- Opening Delimiter -

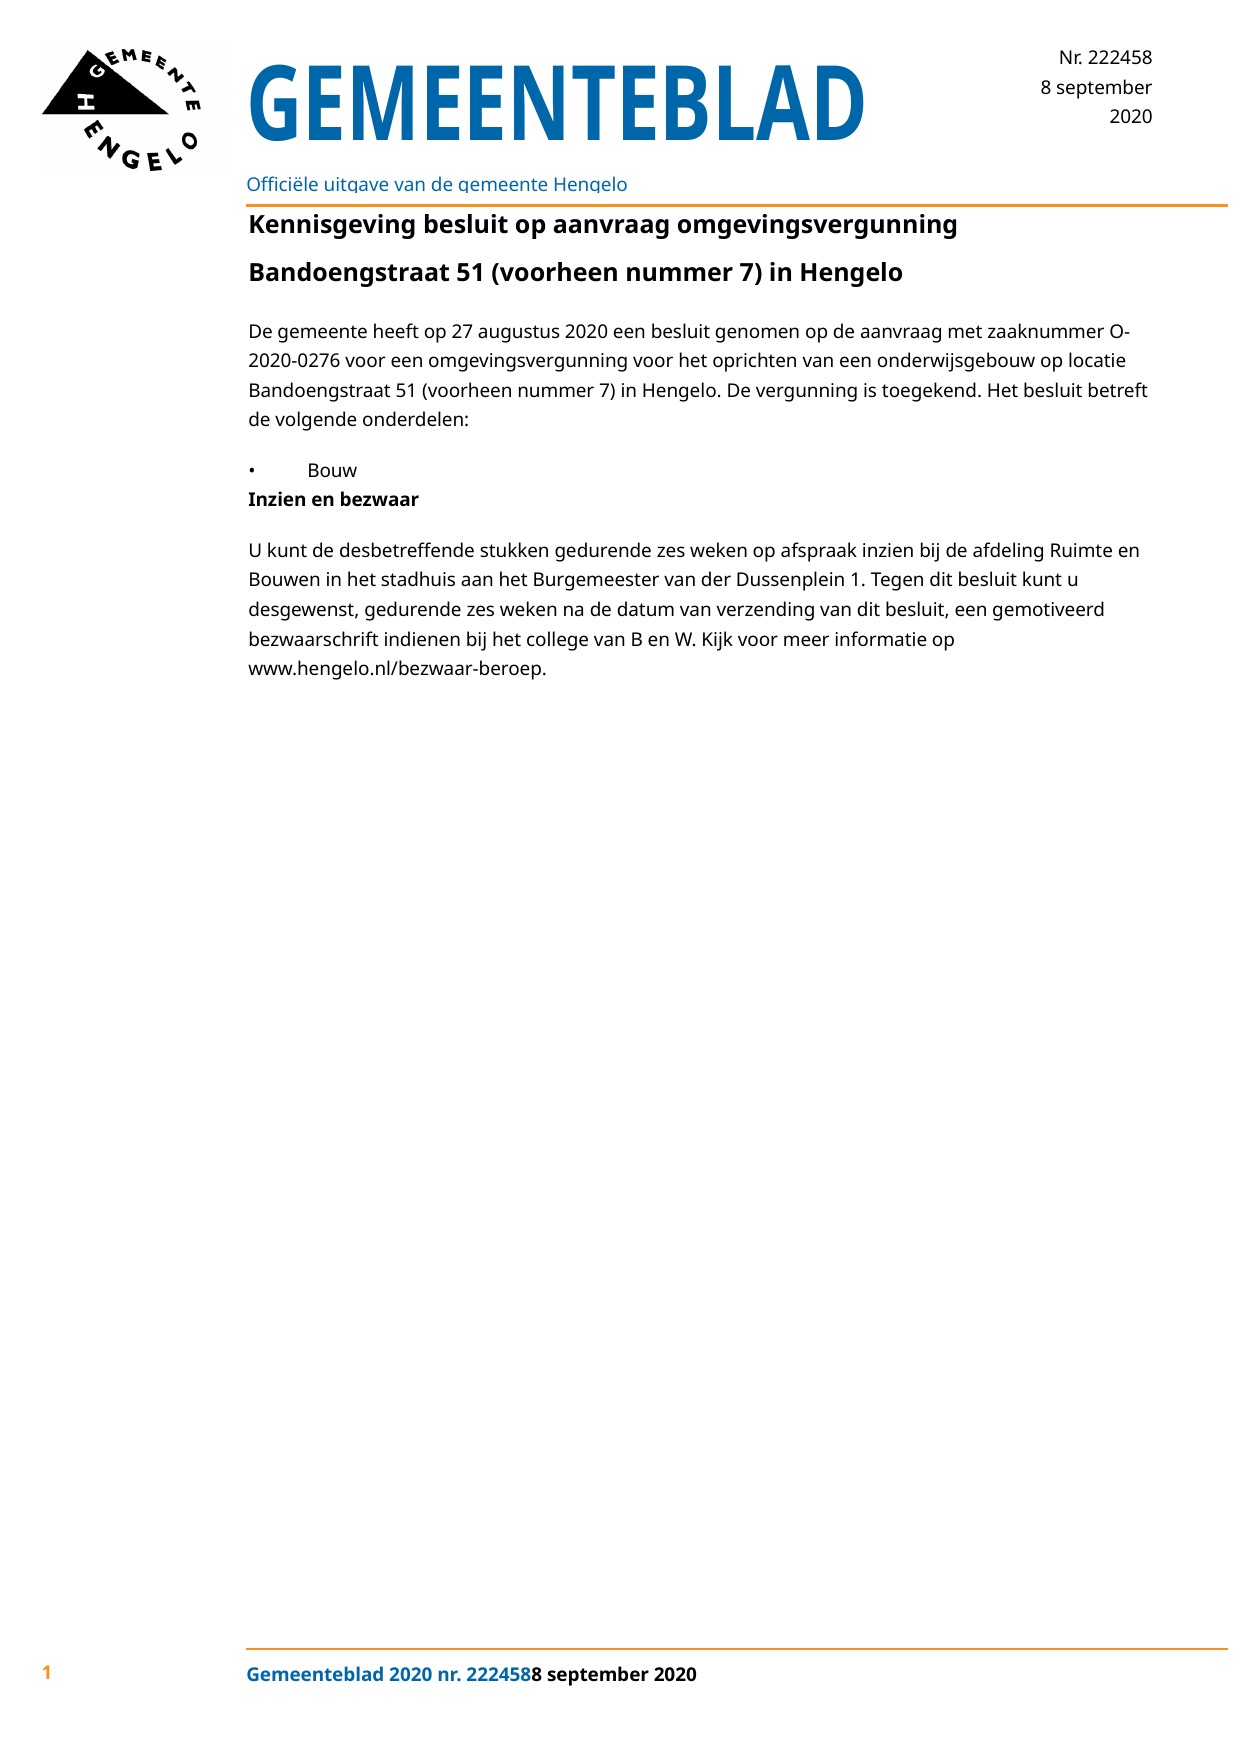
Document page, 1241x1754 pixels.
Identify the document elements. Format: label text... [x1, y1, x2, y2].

text Kennisgeving besluit op aanvraag omgevingsvergunning Bandoengstraat 51 (voorheen nummer 7) in Hengelo [248, 207, 1152, 288]
text De gemeente heeft op 27 augustus 2020 een besluit genomen op de aanvraag met zaaknummer O-2020-0276 voor een omgevingsvergunning voor het oprichten van een onderwijsgebouw op locatie Bandoengstraat 51 (voorheen nummer 7) in Hengelo. De vergunning is toegekend. Het besluit betreft de volgende onderdelen: [248, 318, 1152, 432]
text Inzien en bezwaar [248, 487, 1152, 512]
list Bouw [248, 457, 1152, 483]
picture [41, 47, 231, 172]
text U kunt de desbetreffende stukken gedurende zes weken op afspraak inzien bij de afdeling Ruimte en Bouwen in het stadhuis aan het Burgemeester van der Dussenplein 1. Tegen dit besluit kunt u desgewenst, gedurende zes weken na de datum van verzending van dit besluit, een gemotiveerd bezwaarschrift indienen bij het college van B en W. Kijk voor meer informatie op www.hengelo.nl/bezwaar-beroep. [248, 537, 1152, 681]
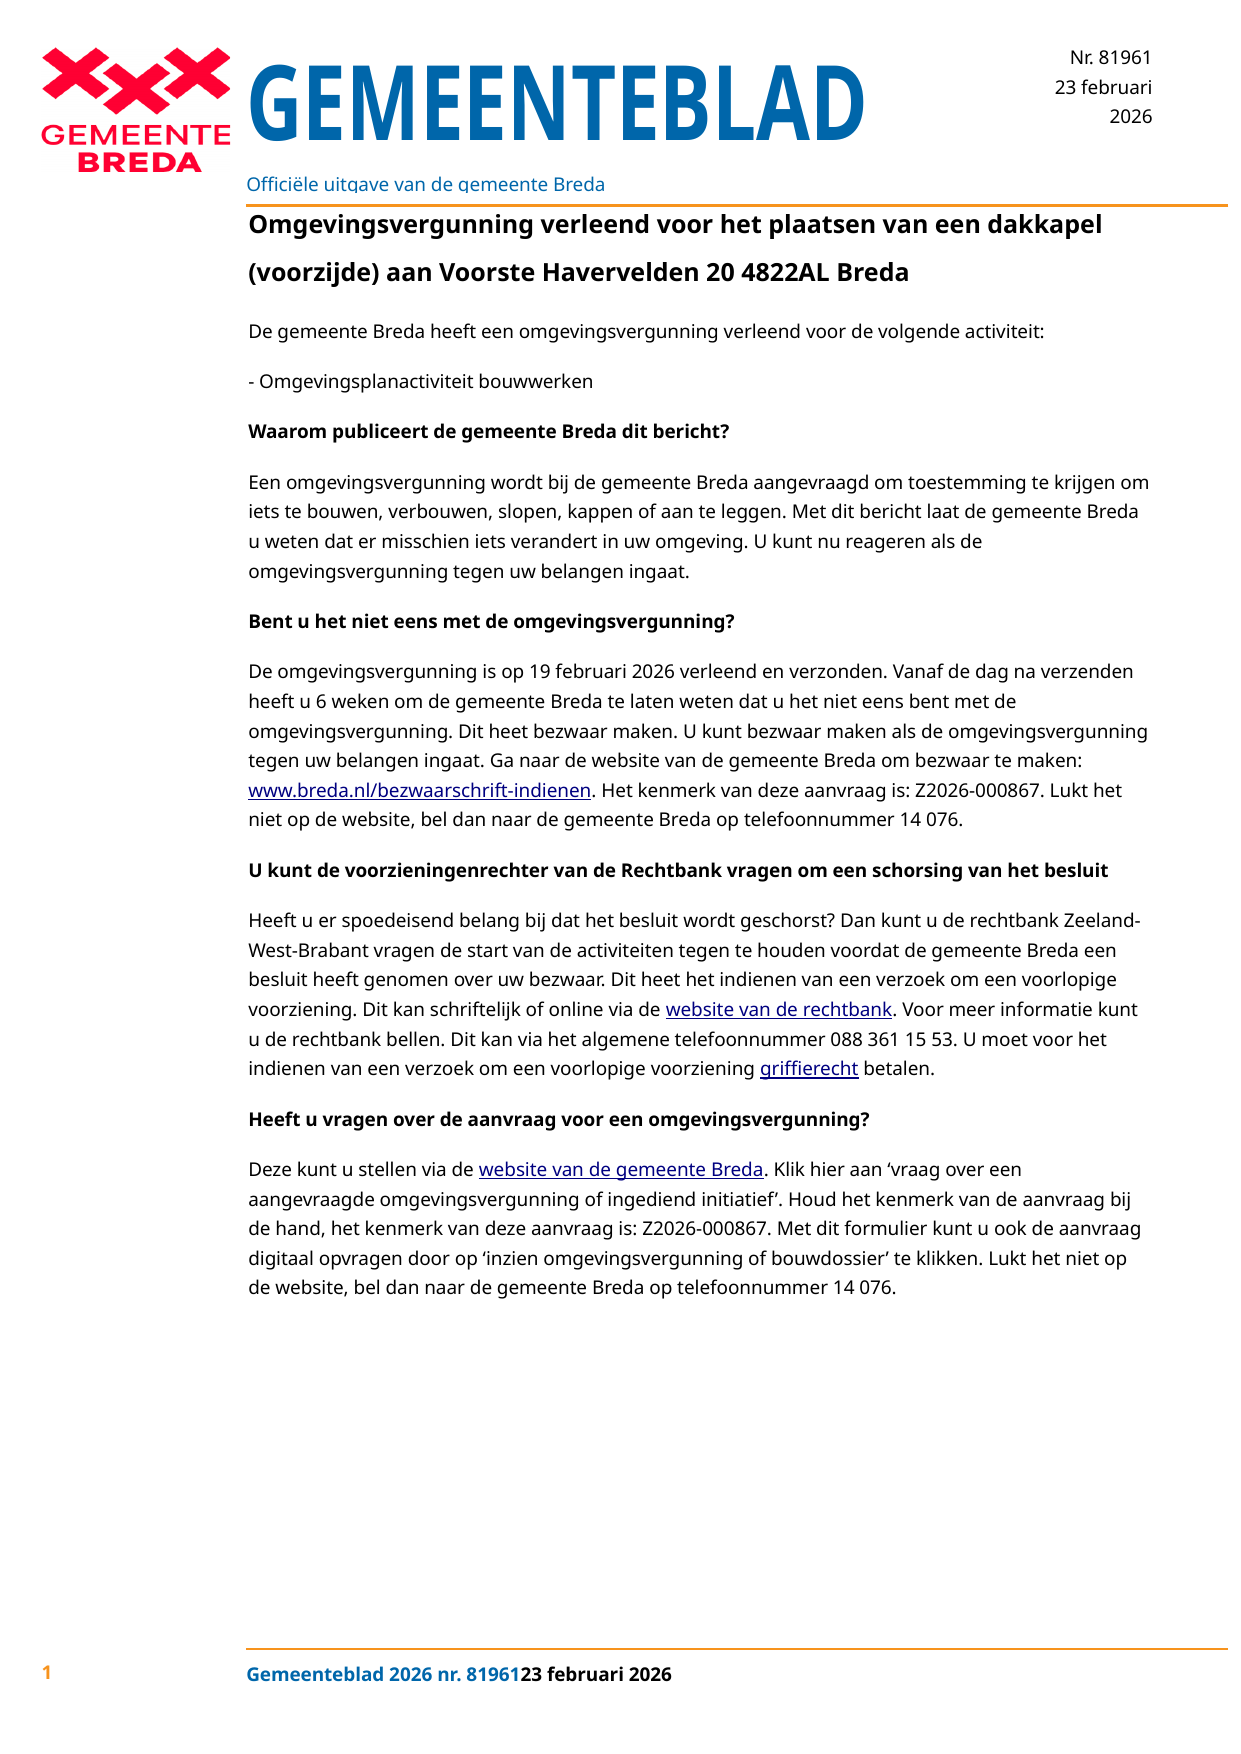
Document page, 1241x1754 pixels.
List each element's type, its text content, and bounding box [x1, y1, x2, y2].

text Heeft u vragen over de aanvraag voor een omgevingsvergunning? [248, 1106, 1152, 1132]
text Waarom publiceert de gemeente Breda dit bericht? [248, 419, 1152, 444]
text Omgevingsvergunning verleend voor het plaatsen van een dakkapel (voorzijde) aan Voorste Havervelden 20 4822AL Breda [248, 207, 1152, 288]
text U kunt de voorzieningenrechter van de Rechtbank vragen om een schorsing van het besluit [248, 857, 1152, 883]
text Een omgevingsvergunning wordt bij de gemeente Breda aangevraagd om toestemming te krijgen om iets te bouwen, verbouwen, slopen, kappen of aan te leggen. Met dit bericht laat de gemeente Breda u weten dat er misschien iets verandert in uw omgeving. U kunt nu reageren als de omgevingsvergunning tegen uw belangen ingaat. [248, 469, 1152, 584]
text De omgevingsvergunning is op 19 februari 2026 verleend en verzonden. Vanaf de dag na verzenden heeft u 6 weken om de gemeente Breda te laten weten dat u het niet eens bent met de omgevingsvergunning. Dit heet bezwaar maken. U kunt bezwaar maken als de omgevingsvergunning tegen uw belangen ingaat. Ga naar de website van de gemeente Breda om bezwaar te maken: www.breda.nl/bezwaarschrift-indienen. Het kenmerk van deze aanvraag is: Z2026-000867. Lukt het niet op de website, bel dan naar de gemeente Breda op telefoonnummer 14 076. [248, 659, 1152, 832]
text - Omgevingsplanactiviteit bouwwerken [248, 368, 1152, 394]
picture [41, 47, 231, 172]
text Bent u het niet eens met de omgevingsvergunning? [248, 608, 1152, 634]
text De gemeente Breda heeft een omgevingsvergunning verleend voor de volgende activiteit: [248, 318, 1152, 344]
text Heeft u er spoedeisend belang bij dat het besluit wordt geschorst? Dan kunt u de rechtbank Zeeland-West-Brabant vragen de start van de activiteiten tegen te houden voordat de gemeente Breda een besluit heeft genomen over uw bezwaar. Dit heet het indienen van een verzoek om een voorlopige voorziening. Dit kan schriftelijk of online via de website van de rechtbank. Voor meer informatie kunt u de rechtbank bellen. Dit kan via het algemene telefoonnummer 088 361 15 53. U moet voor het indienen van een verzoek om een voorlopige voorziening griffierecht betalen. [248, 907, 1152, 1081]
text Deze kunt u stellen via de website van de gemeente Breda. Klik hier aan ‘vraag over een aangevraagde omgevingsvergunning of ingediend initiatief’. Houd het kenmerk van de aanvraag bij de hand, het kenmerk van deze aanvraag is: Z2026-000867. Met dit formulier kunt u ook de aanvraag digitaal opvragen door op ‘inzien omgevingsvergunning of bouwdossier’ te klikken. Lukt het niet op de website, bel dan naar de gemeente Breda op telefoonnummer 14 076. [248, 1156, 1152, 1300]
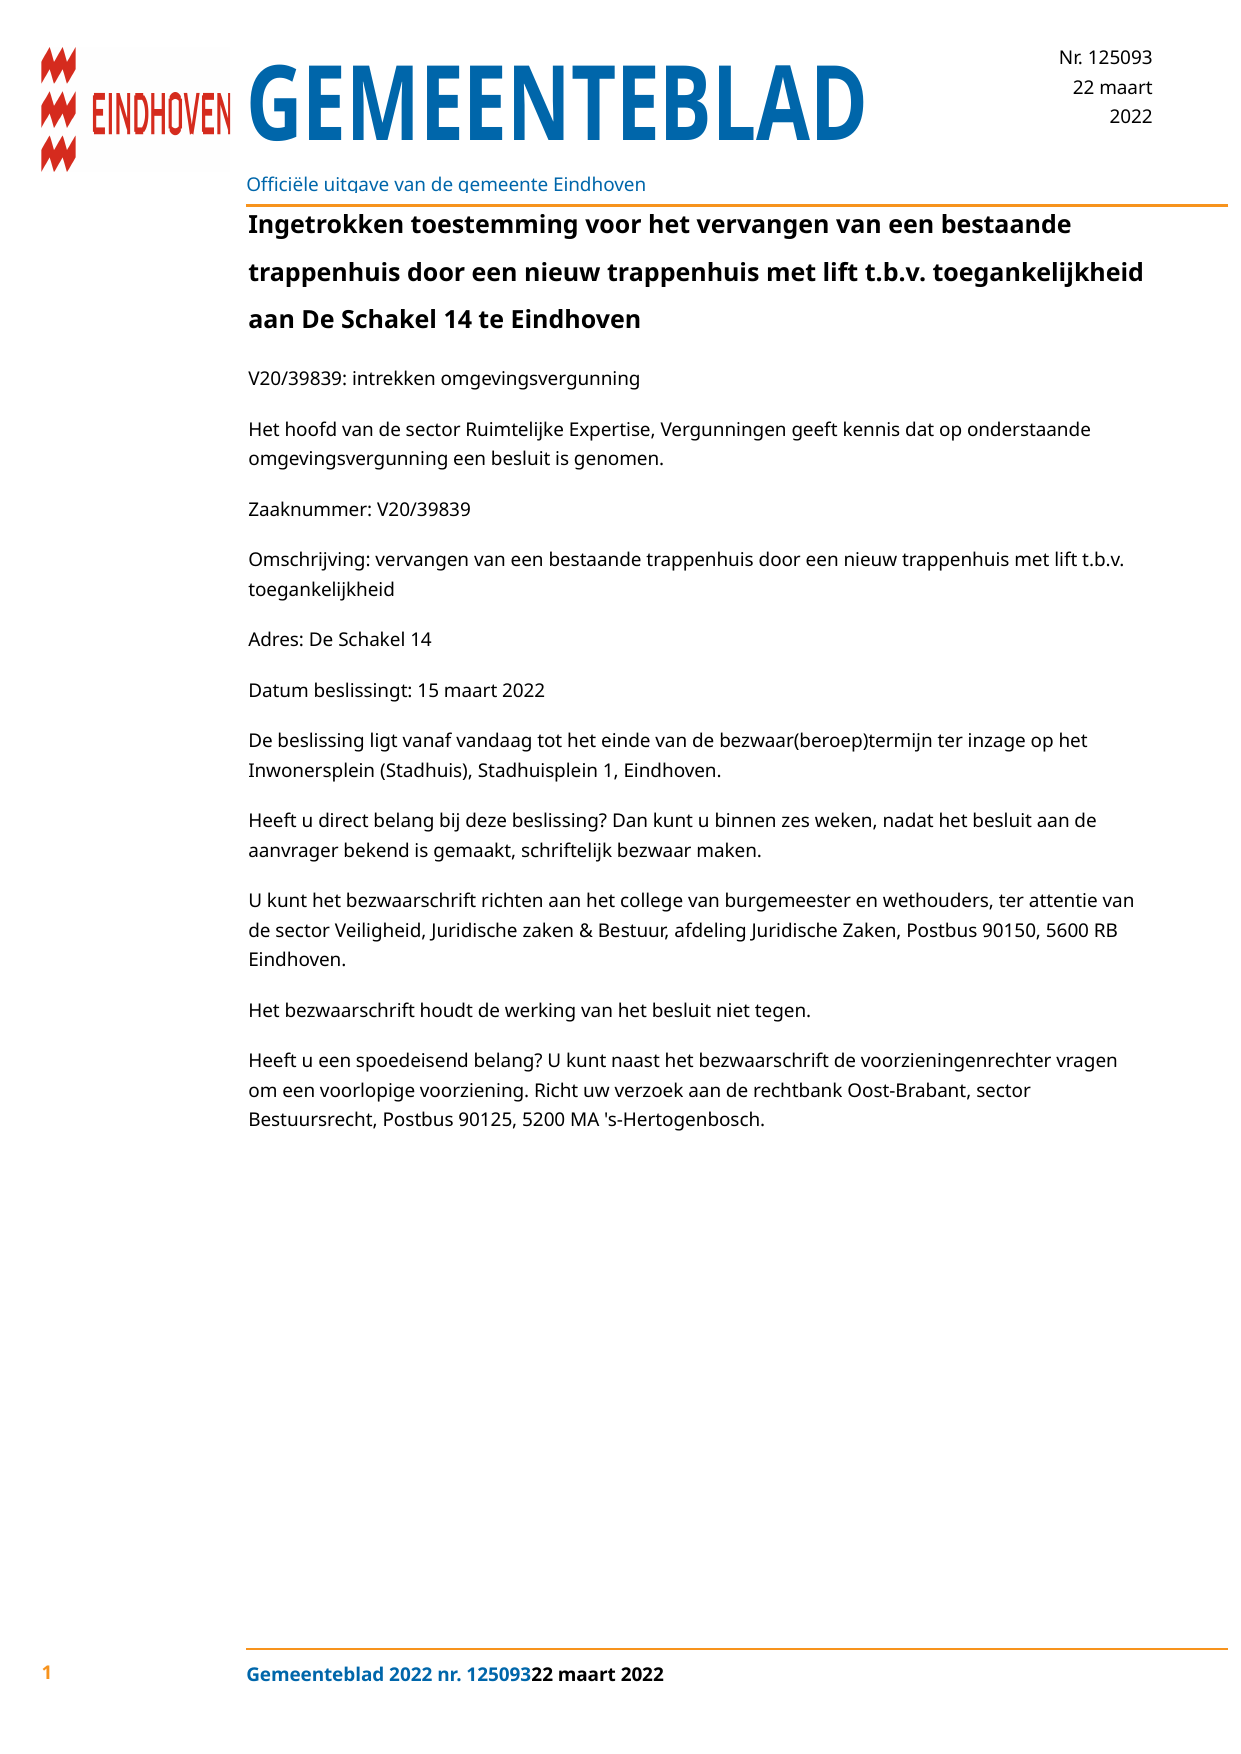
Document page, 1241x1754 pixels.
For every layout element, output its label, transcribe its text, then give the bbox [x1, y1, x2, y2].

text Datum beslissingt: 15 maart 2022 [248, 677, 1152, 702]
text Zaaknummer: V20/39839 [248, 496, 1152, 522]
text Heeft u een spoedeisend belang? U kunt naast het bezwaarschrift de voorzieningenrechter vragen om een voorlopige voorziening. Richt uw verzoek aan de rechtbank Oost-Brabant, sector Bestuursrecht, Postbus 90125, 5200 MA 's-Hertogenbosch. [248, 1047, 1152, 1132]
text Adres: De Schakel 14 [248, 626, 1152, 652]
text Ingetrokken toestemming voor het vervangen van een bestaande trappenhuis door een nieuw trappenhuis met lift t.b.v. toegankelijkheid aan De Schakel 14 te Eindhoven [248, 207, 1152, 336]
text Omschrijving: vervangen van een bestaande trappenhuis door een nieuw trappenhuis met lift t.b.v. toegankelijkheid [248, 546, 1152, 602]
picture [41, 47, 231, 172]
text U kunt het bezwaarschrift richten aan het college van burgemeester en wethouders, ter attentie van de sector Veiligheid, Juridische zaken & Bestuur, afdeling Juridische Zaken, Postbus 90150, 5600 RB Eindhoven. [248, 887, 1152, 972]
text De beslissing ligt vanaf vandaag tot het einde van de bezwaar(beroep)termijn ter inzage op het Inwonersplein (Stadhuis), Stadhuisplein 1, Eindhoven. [248, 727, 1152, 782]
text Heeft u direct belang bij deze beslissing? Dan kunt u binnen zes weken, nadat het besluit aan de aanvrager bekend is gemaakt, schriftelijk bezwaar maken. [248, 807, 1152, 862]
text Het bezwaarschrift houdt de werking van het besluit niet tegen. [248, 997, 1152, 1022]
text V20/39839: intrekken omgevingsvergunning [248, 366, 1152, 391]
text Het hoofd van de sector Ruimtelijke Expertise, Vergunningen geeft kennis dat op onderstaande omgevingsvergunning een besluit is genomen. [248, 416, 1152, 471]

- Closing Delimiter -

#### [GOAL OF THE EXERCISE]
Find the word "college" in the material, then list each line that holds it.

#### [RESPONSE TO THIS TASK]
text U kunt de desbetreffende stukken gedurende zes weken op afspraak inzien bij de afdeling Ruimte en Bouwen in het stadhuis aan het Burgemeester van der Dussenplein 1. Tegen dit besluit kunt u desgewenst, gedurende zes weken na de datum van verzending van dit besluit, een gemotiveerd bezwaarschrift indienen bij het college van B en W. Kijk voor meer informatie op www.hengelo.nl/bezwaar-beroep. [248, 537, 1152, 681]
text U kunt het bezwaarschrift richten aan het college van burgemeester en wethouders, ter attentie van de sector Veiligheid, Juridische zaken & Bestuur, afdeling Juridische Zaken, Postbus 90150, 5600 RB Eindhoven. [248, 887, 1152, 972]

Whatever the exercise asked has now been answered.